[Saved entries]
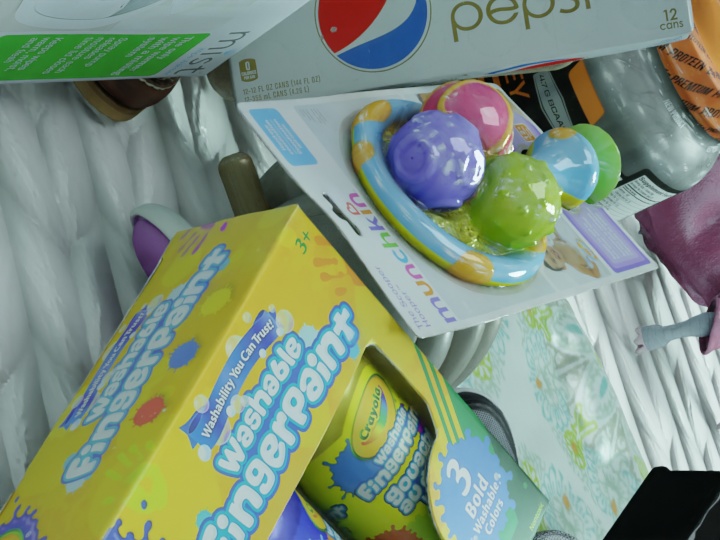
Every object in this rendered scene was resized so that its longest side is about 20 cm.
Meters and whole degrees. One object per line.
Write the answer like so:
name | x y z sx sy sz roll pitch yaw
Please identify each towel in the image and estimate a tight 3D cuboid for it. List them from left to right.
towel | 0.088 0.090 1.008 0.200 0.048 0.172 -12 77 -62

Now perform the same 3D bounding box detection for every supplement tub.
supplement tub | 0.097 -0.076 0.995 0.123 0.200 0.123 42 34 -37

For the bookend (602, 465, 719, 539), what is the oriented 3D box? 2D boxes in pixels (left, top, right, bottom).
bookend | 0.178 0.173 0.951 0.199 0.200 0.092 45 67 -15

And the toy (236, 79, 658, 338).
toy | 0.051 -0.042 0.780 0.115 0.047 0.200 51 27 17

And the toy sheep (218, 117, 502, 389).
toy sheep | 0.000 0.000 0.837 0.138 0.138 0.200 63 23 -2

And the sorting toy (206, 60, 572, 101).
sorting toy | 0.029 -0.152 0.973 0.200 0.184 0.037 -78 158 -48

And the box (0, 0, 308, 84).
box | -0.078 -0.150 0.700 0.176 0.200 0.097 -7 74 -45

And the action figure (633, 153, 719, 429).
action figure | 0.258 0.023 1.276 0.134 0.149 0.200 31 28 -56

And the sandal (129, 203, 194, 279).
sandal | -0.047 0.067 0.776 0.050 0.082 0.203 -31 94 -20

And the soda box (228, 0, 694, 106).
soda box | 0.041 -0.118 0.849 0.064 0.199 0.068 -30 110 -81

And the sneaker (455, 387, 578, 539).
sneaker | 0.061 0.122 0.832 0.075 0.114 0.201 24 49 -19

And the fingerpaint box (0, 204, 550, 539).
fingerpaint box | -0.037 0.108 0.669 0.167 0.073 0.200 50 52 -27

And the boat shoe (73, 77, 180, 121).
boat shoe | -0.091 -0.156 0.872 0.070 0.070 0.201 40 37 -40
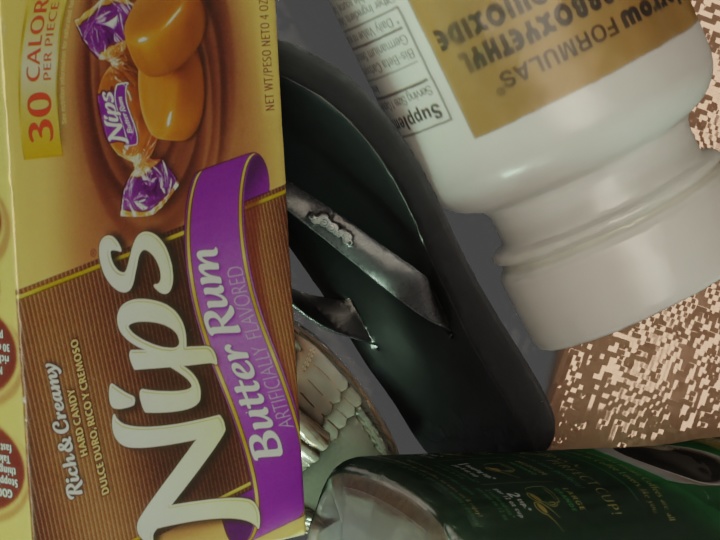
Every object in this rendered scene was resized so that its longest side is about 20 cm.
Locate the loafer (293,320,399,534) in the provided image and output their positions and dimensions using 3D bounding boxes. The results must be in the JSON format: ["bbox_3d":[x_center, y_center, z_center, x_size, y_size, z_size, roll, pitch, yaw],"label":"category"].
[{"bbox_3d":[-0.064,0.026,0.857,0.200,0.063,0.072,43,85,-8],"label":"loafer"}]

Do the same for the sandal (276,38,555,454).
[{"bbox_3d":[0.001,0.000,0.843,0.200,0.076,0.043,53,54,-16],"label":"sandal"}]

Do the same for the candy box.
[{"bbox_3d":[-0.081,-0.004,0.768,0.116,0.056,0.201,-9,98,-45],"label":"candy box"}]

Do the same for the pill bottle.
[{"bbox_3d":[0.058,-0.080,0.843,0.114,0.114,0.200,-27,96,-6],"label":"pill bottle"}]

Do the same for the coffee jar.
[{"bbox_3d":[0.088,0.106,0.830,0.199,0.104,0.086,-1,101,-31],"label":"coffee jar"}]
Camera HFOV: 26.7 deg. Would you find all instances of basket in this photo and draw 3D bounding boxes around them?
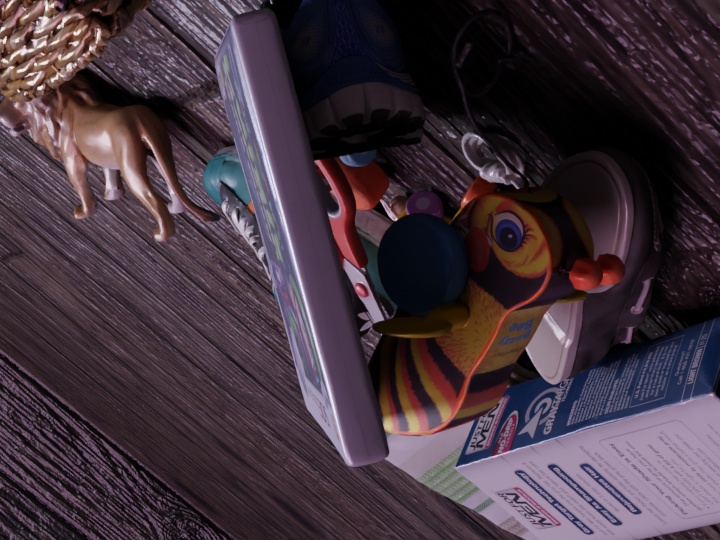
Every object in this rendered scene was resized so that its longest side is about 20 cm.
[{"bbox_3d":[-0.181,-0.182,0.774,0.149,0.143,0.200,43,162,-21],"label":"basket"}]

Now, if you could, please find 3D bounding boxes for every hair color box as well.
[{"bbox_3d":[0.160,0.098,0.865,0.100,0.061,0.200,42,141,-20],"label":"hair color box"}]

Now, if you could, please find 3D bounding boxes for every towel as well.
[{"bbox_3d":[0.109,0.120,0.997,0.200,0.031,0.149,31,141,-12],"label":"towel"}]

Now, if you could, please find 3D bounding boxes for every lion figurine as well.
[{"bbox_3d":[-0.186,-0.097,1.136,0.200,0.072,0.123,9,121,39],"label":"lion figurine"}]

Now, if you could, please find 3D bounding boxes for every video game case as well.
[{"bbox_3d":[-0.033,-0.017,0.733,0.182,0.023,0.201,-162,57,-82],"label":"video game case"}]

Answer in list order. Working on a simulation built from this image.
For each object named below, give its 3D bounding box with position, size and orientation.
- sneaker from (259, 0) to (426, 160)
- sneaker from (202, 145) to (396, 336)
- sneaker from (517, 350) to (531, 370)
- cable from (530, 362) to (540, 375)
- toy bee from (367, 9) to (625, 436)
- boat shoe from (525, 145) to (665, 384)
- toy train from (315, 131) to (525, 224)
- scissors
[{"bbox_3d":[-0.008,-0.104,0.773,0.200,0.078,0.089,166,95,-83],"label":"sneaker"},{"bbox_3d":[-0.049,-0.021,1.038,0.200,0.080,0.071,28,161,36],"label":"sneaker"},{"bbox_3d":[0.066,0.049,1.024,0.075,0.087,0.200,35,140,-4],"label":"sneaker"},{"bbox_3d":[0.110,0.094,1.077,0.097,0.050,0.200,43,160,-14],"label":"cable"},{"bbox_3d":[0.060,0.003,0.696,0.109,0.131,0.200,33,140,36],"label":"toy bee"},{"bbox_3d":[0.126,-0.008,0.786,0.067,0.057,0.200,58,161,24],"label":"boat shoe"},{"bbox_3d":[0.033,-0.032,0.895,0.150,0.056,0.200,47,161,-31],"label":"toy train"},{"bbox_3d":[0.000,0.000,0.912,0.200,0.014,0.073,57,146,-7],"label":"scissors"}]
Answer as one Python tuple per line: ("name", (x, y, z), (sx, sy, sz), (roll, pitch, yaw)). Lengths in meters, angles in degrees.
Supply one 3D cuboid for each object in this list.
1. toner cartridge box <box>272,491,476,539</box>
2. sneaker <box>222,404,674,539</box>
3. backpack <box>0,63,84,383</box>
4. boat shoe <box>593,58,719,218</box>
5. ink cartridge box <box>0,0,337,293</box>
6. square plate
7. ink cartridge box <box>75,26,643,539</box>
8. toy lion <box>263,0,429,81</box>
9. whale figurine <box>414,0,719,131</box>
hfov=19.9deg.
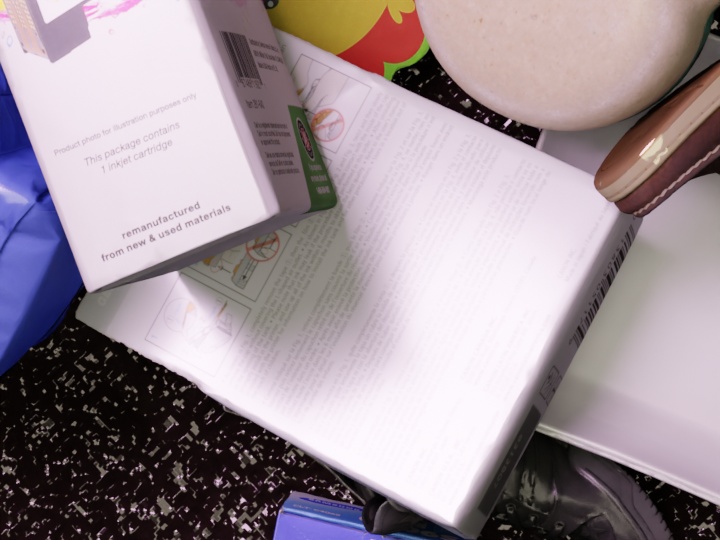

◆ Exercise description: Please return, exactly and with pictures omitted, the lines from the line holding "Supply one 3D" through the end of the data above, inclusive.

◆ Exercise output:
Supply one 3D cuboid for each object in this list.
1. toner cartridge box <box>272,491,476,539</box>
2. sneaker <box>222,404,674,539</box>
3. backpack <box>0,63,84,383</box>
4. boat shoe <box>593,58,719,218</box>
5. ink cartridge box <box>0,0,337,293</box>
6. square plate
7. ink cartridge box <box>75,26,643,539</box>
8. toy lion <box>263,0,429,81</box>
9. whale figurine <box>414,0,719,131</box>
hfov=19.9deg.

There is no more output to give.